Work instructions: From the first line to the last, copy the material word for word; pictures stay out.

Data for review:
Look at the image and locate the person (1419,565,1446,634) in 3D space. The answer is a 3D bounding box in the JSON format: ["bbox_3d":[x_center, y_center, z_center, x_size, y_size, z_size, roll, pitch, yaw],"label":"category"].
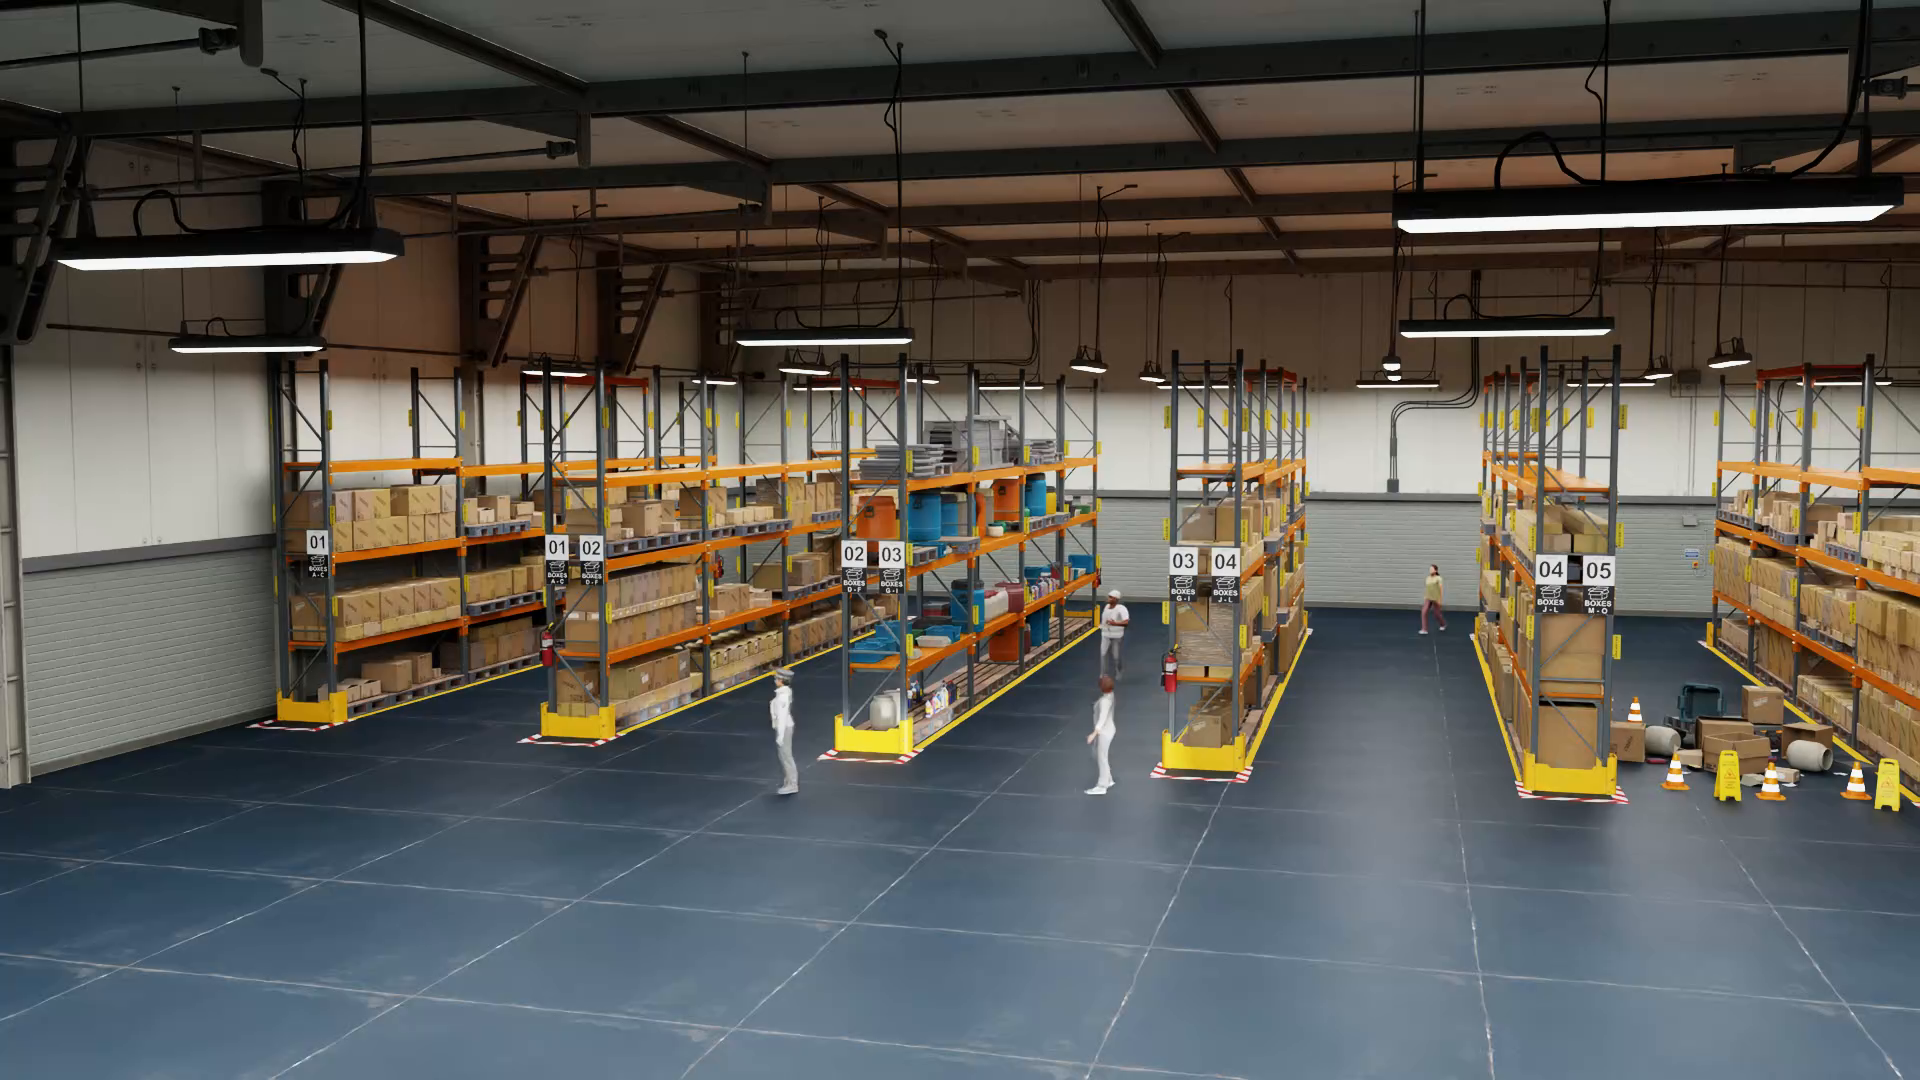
[{"bbox_3d":[11.075,1.383,38.926,0.517,1.628,0.929,3,5,39],"label":"person"}]

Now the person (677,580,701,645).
[{"bbox_3d":[-6.144,1.457,37.261,0.743,1.738,1.092,1,4,11],"label":"person"}]

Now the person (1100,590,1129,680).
[{"bbox_3d":[2.929,1.837,31.238,0.580,1.807,0.847,1,4,19],"label":"person"}]

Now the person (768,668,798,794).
[{"bbox_3d":[-2.373,2.570,22.308,0.388,1.720,0.597,-1,4,-7],"label":"person"}]

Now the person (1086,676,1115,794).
[{"bbox_3d":[1.886,2.607,22.303,0.391,1.610,0.507,0,4,2],"label":"person"}]

Solution to this task:
Look at the image and locate the person (1419,565,1446,634) in 3D space. The answer is a 3D bounding box in the JSON format: ["bbox_3d":[x_center, y_center, z_center, x_size, y_size, z_size, roll, pitch, yaw],"label":"category"].
[{"bbox_3d":[11.075,1.383,38.926,0.517,1.628,0.929,3,5,39],"label":"person"}]

Now the person (677,580,701,645).
[{"bbox_3d":[-6.144,1.457,37.261,0.743,1.738,1.092,1,4,11],"label":"person"}]

Now the person (1100,590,1129,680).
[{"bbox_3d":[2.929,1.837,31.238,0.580,1.807,0.847,1,4,19],"label":"person"}]

Now the person (768,668,798,794).
[{"bbox_3d":[-2.373,2.570,22.308,0.388,1.720,0.597,-1,4,-7],"label":"person"}]

Now the person (1086,676,1115,794).
[{"bbox_3d":[1.886,2.607,22.303,0.391,1.610,0.507,0,4,2],"label":"person"}]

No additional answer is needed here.